Unnamed: 0,name,accuracy,f1,roc_auc
0,TFIDF+LR (1–3),0.880582,0.924484,0.935627
2,Char TFIDF+SVM (3–5),0.892279,0.935727,0.934982
1,TFIDF+CNB (1–3),0.892839,0.935686,0.930439


## === Cell 8. Train on all data & export artifacts ===

In [18]:

# Train base models
mdl_lr  = make_tfidf_lr(len(X)).fit(X, y)
mdl_cnb = make_tfidf_cnb(len(X)).fit(X, y)
mdl_svm = make_char_svm(len(X)).fit(X, y)

# Slightly higher weight on char model (often helps short/misspelled reviews)
VOTE_WEIGHTS = (0.9, 0.9, 1.2)

ensemble = VotingClassifier(
    estimators=[
        ("tfidf_lr",  mdl_lr),
        ("tfidf_cnb", mdl_cnb),
        ("char_svm",  mdl_svm),
    ],
    voting="soft",
    weights=list(VOTE_WEIGHTS),
    n_jobs=None
).fit(X, y)

# --- Runtime post-probability heuristic (documented & used by API) ---
# Keep this set in sync with model_info.py or let the API read from manifest.
NEG_PHRASES = {
    "too tight", "too small", "itchy", "scratchy", "see through",
    "cheap fabric", "poor fit", "returned", "uncomfortable",
    "runs small", "runs large"
}
HEURISTIC_DELTA = 0.08        # <-- how much to nudge down per hit (API uses this)
THRESHOLD = 0.60              # <-- decision threshold used by API

# Save the pure sklearn ensemble (joblib)
joblib.dump(ensemble, ENSEMBLE_PKL)

# Save manifest with parameters the Flask app reads
manifest = {
    "bundle_name": "VotingClassifier (LR + CNB + CharSVM)",
    "weights": {"tfidf_lr": VOTE_WEIGHTS[0], "tfidf_cnb": VOTE_WEIGHTS[1], "char_svm": VOTE_WEIGHTS[2]},
    "threshold": THRESHOLD,
    "post_prob_heuristic": True,
    "heuristic_delta": HEURISTIC_DELTA,
    "neg_phrases": sorted(list(NEG_PHRASES)),
    "word_ngram": "(1,3)",
    "char_ngram": "(3,5)",
    "samples": int(len(X)),
    "positives": int(y.sum()),
    "notes": "Keep negation/intensity tokens; slight char-model upweight; optional heuristic nudge (too tight, runs small, ...)."
}
with open(MANIFEST_JSON, "w", encoding="utf-8") as f:
    json.dump(manifest, f, indent=2)

print(f"Saved → {ENSEMBLE_PKL}")
print(f"Saved → {MANIFEST_JSON}")

# --- Optional: quick sanity check mirroring the API (raw vs adjusted vs label) ---
import numpy as np
from pathlib import Path

def _post_prob_adjust(text: str, p: float, phrases=NEG_PHRASES, delta=HEURISTIC_DELTA, enabled=True) -> float:
    """Reduce prob if any negative phrase is present; clamp to [0,1]."""
    if not enabled:
        return p
    s = (text or "").lower()
    hits = sum(1 for ph in phrases if ph in s)
    return max(0.0, min(1.0, p - hits * delta))

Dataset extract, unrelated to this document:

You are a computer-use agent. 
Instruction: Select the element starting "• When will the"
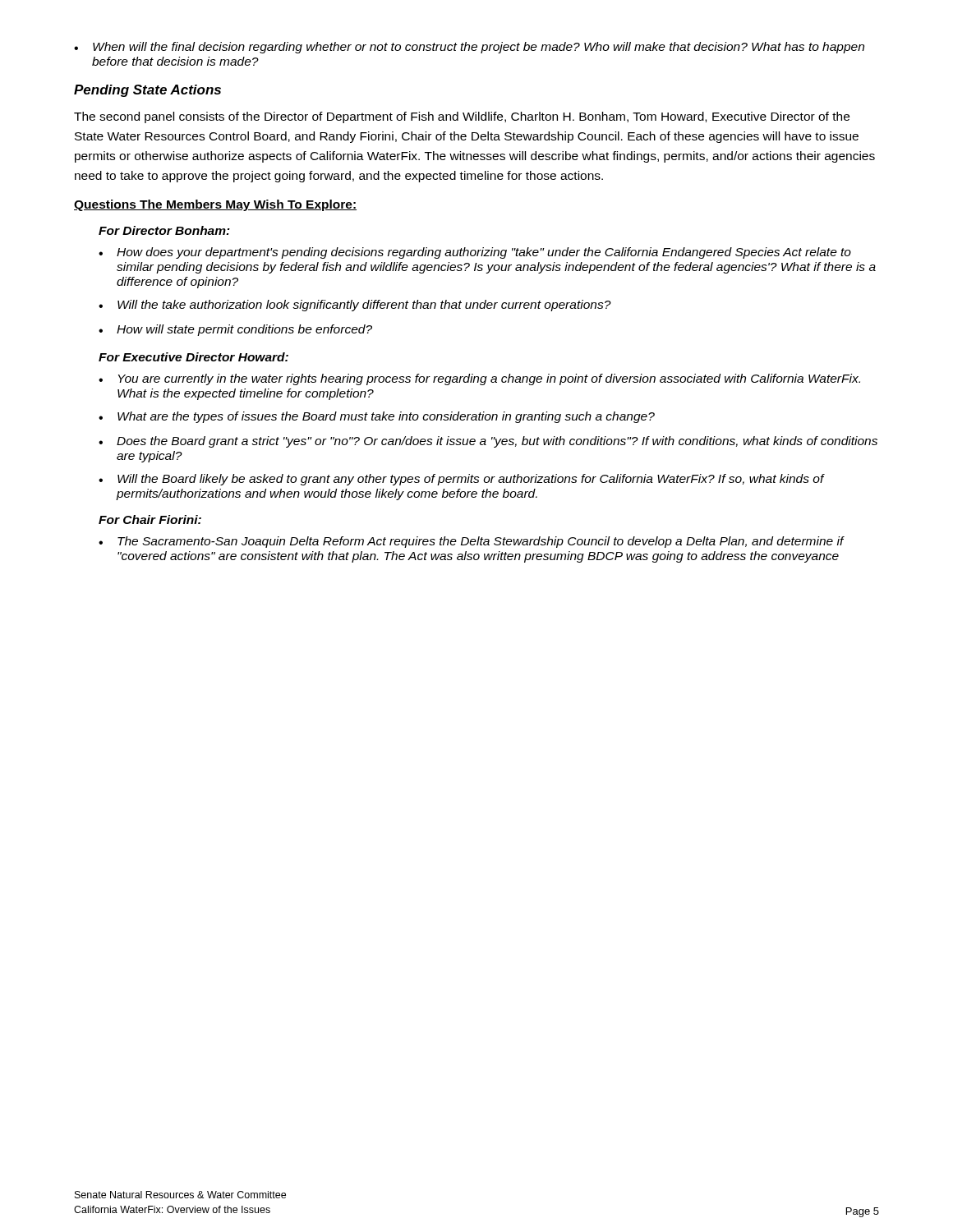coord(476,54)
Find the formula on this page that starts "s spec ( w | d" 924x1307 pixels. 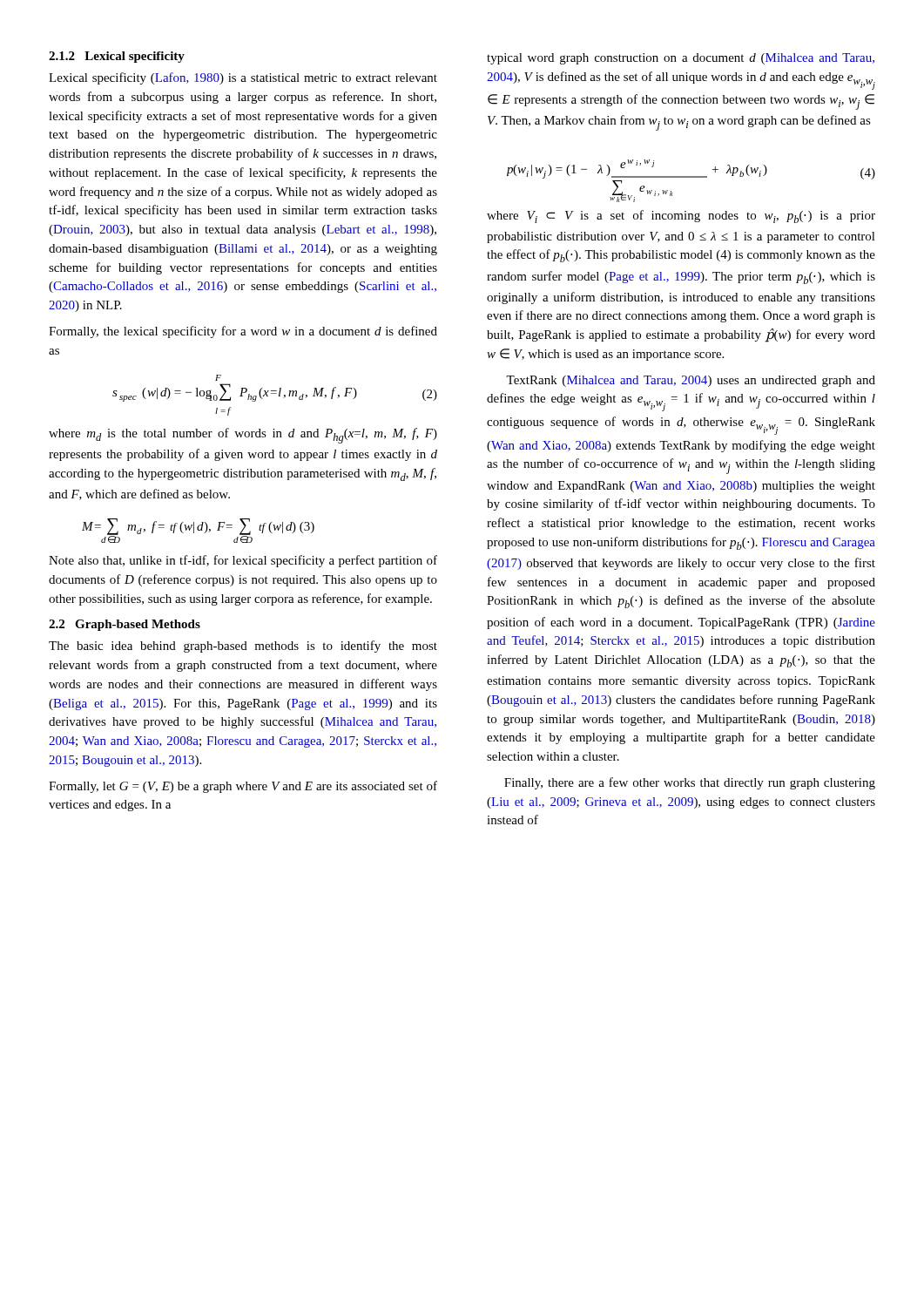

def _decide_label(prob: float, thr: float = THRESHOLD) -> str:
    return "Positive" if prob >= thr else "Negative"

def predict_like_api(model, text: str) -> tuple[str, float, float]:
    """Return (label, prob_adjusted, prob_raw) using the same rules as the API."""
    if hasattr(model, "predict_proba"):
        raw = float(model.predict_proba([text])[:, 1][0])
    elif hasattr(model, "decision_function"):
        s = float(model.decision_function([text])[0])
        raw = float(1.0 / (1.0 + np.exp(-s)))
    else:
        yhat = int(model.predict([text])[0])
        raw = 0.75 if yhat == 1 else 0.25
    adj = _post_prob_adjust(text, raw, phrases=NEG_PHRASES, delta=HEURISTIC_DELTA, enabled=True)
    lab = _decide_label(adj, thr=THRESHOLD)
    return lab, adj, raw

# Reload the exact saved model to simulate Flask runtime
_model_check = joblib.load(ENSEMBLE_PKL)

_examples = [
    "Lovely ugly top, but too tight",
    "This dress is beautiful and I love it!",
    "Cheap fabric and very uncomfortable, runs small",
    "Perfect fit, high quality material.",
]
print("\nSanity check (raw -> adjusted -> label):")
for t in _examples:
    lab, p_adj, p_raw = predict_like_api(_model_check, t)
    print(f"- {t}\n  raw={p_raw:.3f}  adj={p_adj:.3f}  thr={THRESHOLD:.2f}  → {lab}\n")

Saved → /Users/mac/Desktop/dem-web/model/ensemble_soft.pkl
Saved → /Users/mac/Desktop/dem-web/model/manifest.json

Sanity check (raw -> adjusted -> label):
- Lovely ugly top, but too tight
  raw=0.614  adj=0.534  thr=0.60  → Negative

- This dress is beautiful and I love it!
  raw=0.915  adj=0.915  thr=0.60  → Positive

- Cheap fabric and very uncomfortable, runs small
  raw=0.074  adj=0.000  thr=0.60  → Negative

- Perfect fit, high quality material.
  raw=0.798  adj=0.798  thr=0.60  → Positive